## WHAT YOU HAVE TO DO
Filter the records below for the word "values". Copy each line that holds it.

## DATASET
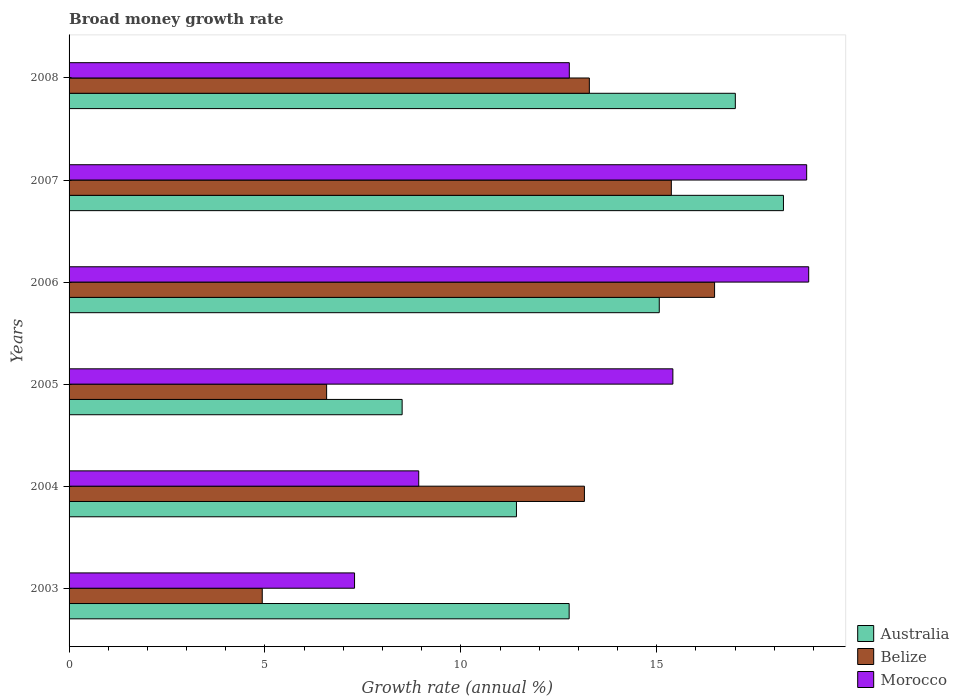How many groups of bars are there?
Your answer should be compact. 6. Are the number of bars per tick equal to the number of legend labels?
Your answer should be very brief. Yes. Are the number of bars on each tick of the Y-axis equal?
Provide a short and direct response. Yes. How many bars are there on the 3rd tick from the top?
Provide a succinct answer. 3. How many bars are there on the 4th tick from the bottom?
Ensure brevity in your answer.  3. What is the label of the 2nd group of bars from the top?
Your answer should be very brief. 2007. What is the growth rate in Australia in 2006?
Your response must be concise. 15.06. Across all years, what is the maximum growth rate in Morocco?
Provide a short and direct response. 18.88. Across all years, what is the minimum growth rate in Australia?
Offer a terse response. 8.5. In which year was the growth rate in Belize minimum?
Provide a succinct answer. 2003. What is the total growth rate in Australia in the graph?
Offer a very short reply. 82.98. What is the difference between the growth rate in Morocco in 2003 and that in 2007?
Provide a short and direct response. -11.54. What is the difference between the growth rate in Australia in 2004 and the growth rate in Belize in 2006?
Give a very brief answer. -5.06. What is the average growth rate in Australia per year?
Offer a very short reply. 13.83. In the year 2005, what is the difference between the growth rate in Australia and growth rate in Morocco?
Your answer should be compact. -6.91. What is the ratio of the growth rate in Belize in 2003 to that in 2005?
Your answer should be very brief. 0.75. What is the difference between the highest and the second highest growth rate in Australia?
Make the answer very short. 1.23. What is the difference between the highest and the lowest growth rate in Morocco?
Provide a succinct answer. 11.59. In how many years, is the growth rate in Belize greater than the average growth rate in Belize taken over all years?
Offer a terse response. 4. Is the sum of the growth rate in Australia in 2004 and 2008 greater than the maximum growth rate in Morocco across all years?
Offer a terse response. Yes. What does the 1st bar from the top in 2003 represents?
Your response must be concise. Morocco. What does the 1st bar from the bottom in 2007 represents?
Provide a short and direct response. Australia. Is it the case that in every year, the sum of the growth rate in Belize and growth rate in Australia is greater than the growth rate in Morocco?
Offer a terse response. No. How many bars are there?
Offer a very short reply. 18. What is the difference between two consecutive major ticks on the X-axis?
Give a very brief answer. 5. Are the values on the major ticks of X-axis written in scientific E-notation?
Ensure brevity in your answer.  No. Does the graph contain any zero values?
Give a very brief answer. No. Where does the legend appear in the graph?
Offer a very short reply. Bottom right. How many legend labels are there?
Your answer should be very brief. 3. How are the legend labels stacked?
Ensure brevity in your answer.  Vertical. What is the title of the graph?
Ensure brevity in your answer.  Broad money growth rate. Does "Portugal" appear as one of the legend labels in the graph?
Offer a terse response. No. What is the label or title of the X-axis?
Your answer should be very brief. Growth rate (annual %). What is the Growth rate (annual %) in Australia in 2003?
Make the answer very short. 12.76. What is the Growth rate (annual %) of Belize in 2003?
Offer a very short reply. 4.93. What is the Growth rate (annual %) in Morocco in 2003?
Your response must be concise. 7.29. What is the Growth rate (annual %) of Australia in 2004?
Make the answer very short. 11.42. What is the Growth rate (annual %) of Belize in 2004?
Offer a very short reply. 13.15. What is the Growth rate (annual %) in Morocco in 2004?
Your response must be concise. 8.92. What is the Growth rate (annual %) in Australia in 2005?
Offer a terse response. 8.5. What is the Growth rate (annual %) of Belize in 2005?
Give a very brief answer. 6.57. What is the Growth rate (annual %) of Morocco in 2005?
Provide a succinct answer. 15.41. What is the Growth rate (annual %) of Australia in 2006?
Offer a very short reply. 15.06. What is the Growth rate (annual %) in Belize in 2006?
Offer a very short reply. 16.48. What is the Growth rate (annual %) in Morocco in 2006?
Provide a succinct answer. 18.88. What is the Growth rate (annual %) in Australia in 2007?
Keep it short and to the point. 18.23. What is the Growth rate (annual %) of Belize in 2007?
Keep it short and to the point. 15.37. What is the Growth rate (annual %) in Morocco in 2007?
Your answer should be very brief. 18.83. What is the Growth rate (annual %) in Australia in 2008?
Offer a terse response. 17. What is the Growth rate (annual %) of Belize in 2008?
Give a very brief answer. 13.28. What is the Growth rate (annual %) in Morocco in 2008?
Keep it short and to the point. 12.77. Across all years, what is the maximum Growth rate (annual %) of Australia?
Keep it short and to the point. 18.23. Across all years, what is the maximum Growth rate (annual %) in Belize?
Provide a succinct answer. 16.48. Across all years, what is the maximum Growth rate (annual %) in Morocco?
Give a very brief answer. 18.88. Across all years, what is the minimum Growth rate (annual %) of Australia?
Offer a very short reply. 8.5. Across all years, what is the minimum Growth rate (annual %) in Belize?
Provide a short and direct response. 4.93. Across all years, what is the minimum Growth rate (annual %) of Morocco?
Provide a short and direct response. 7.29. What is the total Growth rate (annual %) in Australia in the graph?
Ensure brevity in your answer.  82.98. What is the total Growth rate (annual %) in Belize in the graph?
Provide a succinct answer. 69.78. What is the total Growth rate (annual %) in Morocco in the graph?
Provide a short and direct response. 82.09. What is the difference between the Growth rate (annual %) of Australia in 2003 and that in 2004?
Provide a short and direct response. 1.35. What is the difference between the Growth rate (annual %) of Belize in 2003 and that in 2004?
Make the answer very short. -8.22. What is the difference between the Growth rate (annual %) of Morocco in 2003 and that in 2004?
Ensure brevity in your answer.  -1.64. What is the difference between the Growth rate (annual %) of Australia in 2003 and that in 2005?
Provide a short and direct response. 4.26. What is the difference between the Growth rate (annual %) in Belize in 2003 and that in 2005?
Provide a short and direct response. -1.64. What is the difference between the Growth rate (annual %) of Morocco in 2003 and that in 2005?
Offer a terse response. -8.12. What is the difference between the Growth rate (annual %) in Australia in 2003 and that in 2006?
Your response must be concise. -2.3. What is the difference between the Growth rate (annual %) in Belize in 2003 and that in 2006?
Your answer should be very brief. -11.54. What is the difference between the Growth rate (annual %) in Morocco in 2003 and that in 2006?
Provide a succinct answer. -11.59. What is the difference between the Growth rate (annual %) of Australia in 2003 and that in 2007?
Ensure brevity in your answer.  -5.47. What is the difference between the Growth rate (annual %) of Belize in 2003 and that in 2007?
Your answer should be compact. -10.44. What is the difference between the Growth rate (annual %) in Morocco in 2003 and that in 2007?
Ensure brevity in your answer.  -11.54. What is the difference between the Growth rate (annual %) of Australia in 2003 and that in 2008?
Your response must be concise. -4.24. What is the difference between the Growth rate (annual %) of Belize in 2003 and that in 2008?
Ensure brevity in your answer.  -8.35. What is the difference between the Growth rate (annual %) in Morocco in 2003 and that in 2008?
Offer a very short reply. -5.48. What is the difference between the Growth rate (annual %) in Australia in 2004 and that in 2005?
Your response must be concise. 2.92. What is the difference between the Growth rate (annual %) of Belize in 2004 and that in 2005?
Your answer should be very brief. 6.58. What is the difference between the Growth rate (annual %) in Morocco in 2004 and that in 2005?
Offer a terse response. -6.49. What is the difference between the Growth rate (annual %) in Australia in 2004 and that in 2006?
Make the answer very short. -3.64. What is the difference between the Growth rate (annual %) of Belize in 2004 and that in 2006?
Your response must be concise. -3.32. What is the difference between the Growth rate (annual %) of Morocco in 2004 and that in 2006?
Provide a succinct answer. -9.95. What is the difference between the Growth rate (annual %) in Australia in 2004 and that in 2007?
Make the answer very short. -6.81. What is the difference between the Growth rate (annual %) of Belize in 2004 and that in 2007?
Provide a short and direct response. -2.22. What is the difference between the Growth rate (annual %) of Morocco in 2004 and that in 2007?
Your response must be concise. -9.9. What is the difference between the Growth rate (annual %) in Australia in 2004 and that in 2008?
Provide a short and direct response. -5.59. What is the difference between the Growth rate (annual %) of Belize in 2004 and that in 2008?
Provide a short and direct response. -0.13. What is the difference between the Growth rate (annual %) in Morocco in 2004 and that in 2008?
Your answer should be very brief. -3.84. What is the difference between the Growth rate (annual %) of Australia in 2005 and that in 2006?
Your answer should be compact. -6.56. What is the difference between the Growth rate (annual %) of Belize in 2005 and that in 2006?
Offer a very short reply. -9.9. What is the difference between the Growth rate (annual %) in Morocco in 2005 and that in 2006?
Your answer should be very brief. -3.47. What is the difference between the Growth rate (annual %) in Australia in 2005 and that in 2007?
Offer a terse response. -9.73. What is the difference between the Growth rate (annual %) of Belize in 2005 and that in 2007?
Keep it short and to the point. -8.8. What is the difference between the Growth rate (annual %) of Morocco in 2005 and that in 2007?
Give a very brief answer. -3.41. What is the difference between the Growth rate (annual %) in Australia in 2005 and that in 2008?
Offer a terse response. -8.5. What is the difference between the Growth rate (annual %) of Belize in 2005 and that in 2008?
Your response must be concise. -6.71. What is the difference between the Growth rate (annual %) of Morocco in 2005 and that in 2008?
Your answer should be compact. 2.64. What is the difference between the Growth rate (annual %) of Australia in 2006 and that in 2007?
Offer a very short reply. -3.17. What is the difference between the Growth rate (annual %) in Belize in 2006 and that in 2007?
Offer a terse response. 1.1. What is the difference between the Growth rate (annual %) in Morocco in 2006 and that in 2007?
Offer a terse response. 0.05. What is the difference between the Growth rate (annual %) in Australia in 2006 and that in 2008?
Provide a short and direct response. -1.94. What is the difference between the Growth rate (annual %) of Belize in 2006 and that in 2008?
Your answer should be very brief. 3.2. What is the difference between the Growth rate (annual %) in Morocco in 2006 and that in 2008?
Offer a terse response. 6.11. What is the difference between the Growth rate (annual %) of Australia in 2007 and that in 2008?
Provide a succinct answer. 1.23. What is the difference between the Growth rate (annual %) in Belize in 2007 and that in 2008?
Ensure brevity in your answer.  2.09. What is the difference between the Growth rate (annual %) of Morocco in 2007 and that in 2008?
Your answer should be compact. 6.06. What is the difference between the Growth rate (annual %) in Australia in 2003 and the Growth rate (annual %) in Belize in 2004?
Give a very brief answer. -0.39. What is the difference between the Growth rate (annual %) of Australia in 2003 and the Growth rate (annual %) of Morocco in 2004?
Offer a terse response. 3.84. What is the difference between the Growth rate (annual %) in Belize in 2003 and the Growth rate (annual %) in Morocco in 2004?
Provide a succinct answer. -3.99. What is the difference between the Growth rate (annual %) in Australia in 2003 and the Growth rate (annual %) in Belize in 2005?
Make the answer very short. 6.19. What is the difference between the Growth rate (annual %) of Australia in 2003 and the Growth rate (annual %) of Morocco in 2005?
Provide a succinct answer. -2.65. What is the difference between the Growth rate (annual %) of Belize in 2003 and the Growth rate (annual %) of Morocco in 2005?
Give a very brief answer. -10.48. What is the difference between the Growth rate (annual %) of Australia in 2003 and the Growth rate (annual %) of Belize in 2006?
Offer a very short reply. -3.71. What is the difference between the Growth rate (annual %) in Australia in 2003 and the Growth rate (annual %) in Morocco in 2006?
Your response must be concise. -6.11. What is the difference between the Growth rate (annual %) of Belize in 2003 and the Growth rate (annual %) of Morocco in 2006?
Offer a very short reply. -13.95. What is the difference between the Growth rate (annual %) in Australia in 2003 and the Growth rate (annual %) in Belize in 2007?
Your answer should be very brief. -2.61. What is the difference between the Growth rate (annual %) of Australia in 2003 and the Growth rate (annual %) of Morocco in 2007?
Give a very brief answer. -6.06. What is the difference between the Growth rate (annual %) in Belize in 2003 and the Growth rate (annual %) in Morocco in 2007?
Your answer should be very brief. -13.89. What is the difference between the Growth rate (annual %) in Australia in 2003 and the Growth rate (annual %) in Belize in 2008?
Ensure brevity in your answer.  -0.52. What is the difference between the Growth rate (annual %) in Australia in 2003 and the Growth rate (annual %) in Morocco in 2008?
Offer a terse response. -0. What is the difference between the Growth rate (annual %) of Belize in 2003 and the Growth rate (annual %) of Morocco in 2008?
Make the answer very short. -7.84. What is the difference between the Growth rate (annual %) in Australia in 2004 and the Growth rate (annual %) in Belize in 2005?
Give a very brief answer. 4.84. What is the difference between the Growth rate (annual %) in Australia in 2004 and the Growth rate (annual %) in Morocco in 2005?
Your answer should be very brief. -3.99. What is the difference between the Growth rate (annual %) of Belize in 2004 and the Growth rate (annual %) of Morocco in 2005?
Offer a terse response. -2.26. What is the difference between the Growth rate (annual %) in Australia in 2004 and the Growth rate (annual %) in Belize in 2006?
Provide a short and direct response. -5.06. What is the difference between the Growth rate (annual %) in Australia in 2004 and the Growth rate (annual %) in Morocco in 2006?
Give a very brief answer. -7.46. What is the difference between the Growth rate (annual %) of Belize in 2004 and the Growth rate (annual %) of Morocco in 2006?
Give a very brief answer. -5.72. What is the difference between the Growth rate (annual %) in Australia in 2004 and the Growth rate (annual %) in Belize in 2007?
Offer a very short reply. -3.95. What is the difference between the Growth rate (annual %) in Australia in 2004 and the Growth rate (annual %) in Morocco in 2007?
Offer a terse response. -7.41. What is the difference between the Growth rate (annual %) of Belize in 2004 and the Growth rate (annual %) of Morocco in 2007?
Offer a terse response. -5.67. What is the difference between the Growth rate (annual %) of Australia in 2004 and the Growth rate (annual %) of Belize in 2008?
Your answer should be compact. -1.86. What is the difference between the Growth rate (annual %) in Australia in 2004 and the Growth rate (annual %) in Morocco in 2008?
Your answer should be very brief. -1.35. What is the difference between the Growth rate (annual %) of Belize in 2004 and the Growth rate (annual %) of Morocco in 2008?
Offer a terse response. 0.39. What is the difference between the Growth rate (annual %) of Australia in 2005 and the Growth rate (annual %) of Belize in 2006?
Offer a terse response. -7.97. What is the difference between the Growth rate (annual %) in Australia in 2005 and the Growth rate (annual %) in Morocco in 2006?
Make the answer very short. -10.38. What is the difference between the Growth rate (annual %) in Belize in 2005 and the Growth rate (annual %) in Morocco in 2006?
Offer a very short reply. -12.3. What is the difference between the Growth rate (annual %) in Australia in 2005 and the Growth rate (annual %) in Belize in 2007?
Give a very brief answer. -6.87. What is the difference between the Growth rate (annual %) of Australia in 2005 and the Growth rate (annual %) of Morocco in 2007?
Give a very brief answer. -10.32. What is the difference between the Growth rate (annual %) in Belize in 2005 and the Growth rate (annual %) in Morocco in 2007?
Your answer should be compact. -12.25. What is the difference between the Growth rate (annual %) in Australia in 2005 and the Growth rate (annual %) in Belize in 2008?
Offer a very short reply. -4.78. What is the difference between the Growth rate (annual %) in Australia in 2005 and the Growth rate (annual %) in Morocco in 2008?
Your response must be concise. -4.27. What is the difference between the Growth rate (annual %) of Belize in 2005 and the Growth rate (annual %) of Morocco in 2008?
Provide a succinct answer. -6.19. What is the difference between the Growth rate (annual %) of Australia in 2006 and the Growth rate (annual %) of Belize in 2007?
Your answer should be compact. -0.31. What is the difference between the Growth rate (annual %) in Australia in 2006 and the Growth rate (annual %) in Morocco in 2007?
Provide a succinct answer. -3.76. What is the difference between the Growth rate (annual %) of Belize in 2006 and the Growth rate (annual %) of Morocco in 2007?
Provide a succinct answer. -2.35. What is the difference between the Growth rate (annual %) in Australia in 2006 and the Growth rate (annual %) in Belize in 2008?
Make the answer very short. 1.78. What is the difference between the Growth rate (annual %) in Australia in 2006 and the Growth rate (annual %) in Morocco in 2008?
Your response must be concise. 2.3. What is the difference between the Growth rate (annual %) of Belize in 2006 and the Growth rate (annual %) of Morocco in 2008?
Provide a short and direct response. 3.71. What is the difference between the Growth rate (annual %) of Australia in 2007 and the Growth rate (annual %) of Belize in 2008?
Provide a short and direct response. 4.95. What is the difference between the Growth rate (annual %) of Australia in 2007 and the Growth rate (annual %) of Morocco in 2008?
Your answer should be very brief. 5.47. What is the difference between the Growth rate (annual %) in Belize in 2007 and the Growth rate (annual %) in Morocco in 2008?
Make the answer very short. 2.6. What is the average Growth rate (annual %) in Australia per year?
Ensure brevity in your answer.  13.83. What is the average Growth rate (annual %) in Belize per year?
Your response must be concise. 11.63. What is the average Growth rate (annual %) of Morocco per year?
Make the answer very short. 13.68. In the year 2003, what is the difference between the Growth rate (annual %) in Australia and Growth rate (annual %) in Belize?
Offer a very short reply. 7.83. In the year 2003, what is the difference between the Growth rate (annual %) of Australia and Growth rate (annual %) of Morocco?
Ensure brevity in your answer.  5.48. In the year 2003, what is the difference between the Growth rate (annual %) of Belize and Growth rate (annual %) of Morocco?
Provide a succinct answer. -2.36. In the year 2004, what is the difference between the Growth rate (annual %) in Australia and Growth rate (annual %) in Belize?
Make the answer very short. -1.73. In the year 2004, what is the difference between the Growth rate (annual %) of Australia and Growth rate (annual %) of Morocco?
Give a very brief answer. 2.49. In the year 2004, what is the difference between the Growth rate (annual %) in Belize and Growth rate (annual %) in Morocco?
Provide a succinct answer. 4.23. In the year 2005, what is the difference between the Growth rate (annual %) of Australia and Growth rate (annual %) of Belize?
Make the answer very short. 1.93. In the year 2005, what is the difference between the Growth rate (annual %) of Australia and Growth rate (annual %) of Morocco?
Make the answer very short. -6.91. In the year 2005, what is the difference between the Growth rate (annual %) of Belize and Growth rate (annual %) of Morocco?
Your answer should be very brief. -8.84. In the year 2006, what is the difference between the Growth rate (annual %) of Australia and Growth rate (annual %) of Belize?
Provide a short and direct response. -1.41. In the year 2006, what is the difference between the Growth rate (annual %) in Australia and Growth rate (annual %) in Morocco?
Give a very brief answer. -3.81. In the year 2006, what is the difference between the Growth rate (annual %) of Belize and Growth rate (annual %) of Morocco?
Your response must be concise. -2.4. In the year 2007, what is the difference between the Growth rate (annual %) of Australia and Growth rate (annual %) of Belize?
Your response must be concise. 2.86. In the year 2007, what is the difference between the Growth rate (annual %) of Australia and Growth rate (annual %) of Morocco?
Keep it short and to the point. -0.59. In the year 2007, what is the difference between the Growth rate (annual %) in Belize and Growth rate (annual %) in Morocco?
Ensure brevity in your answer.  -3.45. In the year 2008, what is the difference between the Growth rate (annual %) in Australia and Growth rate (annual %) in Belize?
Provide a succinct answer. 3.73. In the year 2008, what is the difference between the Growth rate (annual %) of Australia and Growth rate (annual %) of Morocco?
Make the answer very short. 4.24. In the year 2008, what is the difference between the Growth rate (annual %) in Belize and Growth rate (annual %) in Morocco?
Keep it short and to the point. 0.51. What is the ratio of the Growth rate (annual %) in Australia in 2003 to that in 2004?
Give a very brief answer. 1.12. What is the ratio of the Growth rate (annual %) in Belize in 2003 to that in 2004?
Keep it short and to the point. 0.37. What is the ratio of the Growth rate (annual %) in Morocco in 2003 to that in 2004?
Your response must be concise. 0.82. What is the ratio of the Growth rate (annual %) of Australia in 2003 to that in 2005?
Make the answer very short. 1.5. What is the ratio of the Growth rate (annual %) in Belize in 2003 to that in 2005?
Keep it short and to the point. 0.75. What is the ratio of the Growth rate (annual %) of Morocco in 2003 to that in 2005?
Your answer should be very brief. 0.47. What is the ratio of the Growth rate (annual %) in Australia in 2003 to that in 2006?
Keep it short and to the point. 0.85. What is the ratio of the Growth rate (annual %) of Belize in 2003 to that in 2006?
Keep it short and to the point. 0.3. What is the ratio of the Growth rate (annual %) of Morocco in 2003 to that in 2006?
Your answer should be very brief. 0.39. What is the ratio of the Growth rate (annual %) of Australia in 2003 to that in 2007?
Ensure brevity in your answer.  0.7. What is the ratio of the Growth rate (annual %) of Belize in 2003 to that in 2007?
Provide a succinct answer. 0.32. What is the ratio of the Growth rate (annual %) in Morocco in 2003 to that in 2007?
Your response must be concise. 0.39. What is the ratio of the Growth rate (annual %) in Australia in 2003 to that in 2008?
Keep it short and to the point. 0.75. What is the ratio of the Growth rate (annual %) of Belize in 2003 to that in 2008?
Your response must be concise. 0.37. What is the ratio of the Growth rate (annual %) in Morocco in 2003 to that in 2008?
Make the answer very short. 0.57. What is the ratio of the Growth rate (annual %) of Australia in 2004 to that in 2005?
Provide a succinct answer. 1.34. What is the ratio of the Growth rate (annual %) in Belize in 2004 to that in 2005?
Keep it short and to the point. 2. What is the ratio of the Growth rate (annual %) of Morocco in 2004 to that in 2005?
Your response must be concise. 0.58. What is the ratio of the Growth rate (annual %) of Australia in 2004 to that in 2006?
Give a very brief answer. 0.76. What is the ratio of the Growth rate (annual %) in Belize in 2004 to that in 2006?
Your answer should be very brief. 0.8. What is the ratio of the Growth rate (annual %) of Morocco in 2004 to that in 2006?
Provide a short and direct response. 0.47. What is the ratio of the Growth rate (annual %) in Australia in 2004 to that in 2007?
Give a very brief answer. 0.63. What is the ratio of the Growth rate (annual %) of Belize in 2004 to that in 2007?
Offer a very short reply. 0.86. What is the ratio of the Growth rate (annual %) in Morocco in 2004 to that in 2007?
Ensure brevity in your answer.  0.47. What is the ratio of the Growth rate (annual %) of Australia in 2004 to that in 2008?
Provide a succinct answer. 0.67. What is the ratio of the Growth rate (annual %) in Morocco in 2004 to that in 2008?
Your answer should be very brief. 0.7. What is the ratio of the Growth rate (annual %) of Australia in 2005 to that in 2006?
Your response must be concise. 0.56. What is the ratio of the Growth rate (annual %) of Belize in 2005 to that in 2006?
Ensure brevity in your answer.  0.4. What is the ratio of the Growth rate (annual %) in Morocco in 2005 to that in 2006?
Offer a terse response. 0.82. What is the ratio of the Growth rate (annual %) in Australia in 2005 to that in 2007?
Offer a very short reply. 0.47. What is the ratio of the Growth rate (annual %) in Belize in 2005 to that in 2007?
Give a very brief answer. 0.43. What is the ratio of the Growth rate (annual %) of Morocco in 2005 to that in 2007?
Ensure brevity in your answer.  0.82. What is the ratio of the Growth rate (annual %) in Australia in 2005 to that in 2008?
Your answer should be very brief. 0.5. What is the ratio of the Growth rate (annual %) of Belize in 2005 to that in 2008?
Make the answer very short. 0.49. What is the ratio of the Growth rate (annual %) of Morocco in 2005 to that in 2008?
Provide a short and direct response. 1.21. What is the ratio of the Growth rate (annual %) of Australia in 2006 to that in 2007?
Give a very brief answer. 0.83. What is the ratio of the Growth rate (annual %) in Belize in 2006 to that in 2007?
Your answer should be compact. 1.07. What is the ratio of the Growth rate (annual %) of Australia in 2006 to that in 2008?
Offer a terse response. 0.89. What is the ratio of the Growth rate (annual %) in Belize in 2006 to that in 2008?
Keep it short and to the point. 1.24. What is the ratio of the Growth rate (annual %) in Morocco in 2006 to that in 2008?
Offer a terse response. 1.48. What is the ratio of the Growth rate (annual %) in Australia in 2007 to that in 2008?
Offer a terse response. 1.07. What is the ratio of the Growth rate (annual %) in Belize in 2007 to that in 2008?
Keep it short and to the point. 1.16. What is the ratio of the Growth rate (annual %) of Morocco in 2007 to that in 2008?
Provide a short and direct response. 1.47. What is the difference between the highest and the second highest Growth rate (annual %) of Australia?
Your answer should be very brief. 1.23. What is the difference between the highest and the second highest Growth rate (annual %) of Belize?
Provide a succinct answer. 1.1. What is the difference between the highest and the second highest Growth rate (annual %) of Morocco?
Your answer should be compact. 0.05. What is the difference between the highest and the lowest Growth rate (annual %) of Australia?
Give a very brief answer. 9.73. What is the difference between the highest and the lowest Growth rate (annual %) in Belize?
Provide a short and direct response. 11.54. What is the difference between the highest and the lowest Growth rate (annual %) of Morocco?
Provide a short and direct response. 11.59.

## SOLUTION
Give a very brief answer. 5. Are the values on the major ticks of X-axis written in scientific E-notation?
Ensure brevity in your answer.  No. Does the graph contain any zero values?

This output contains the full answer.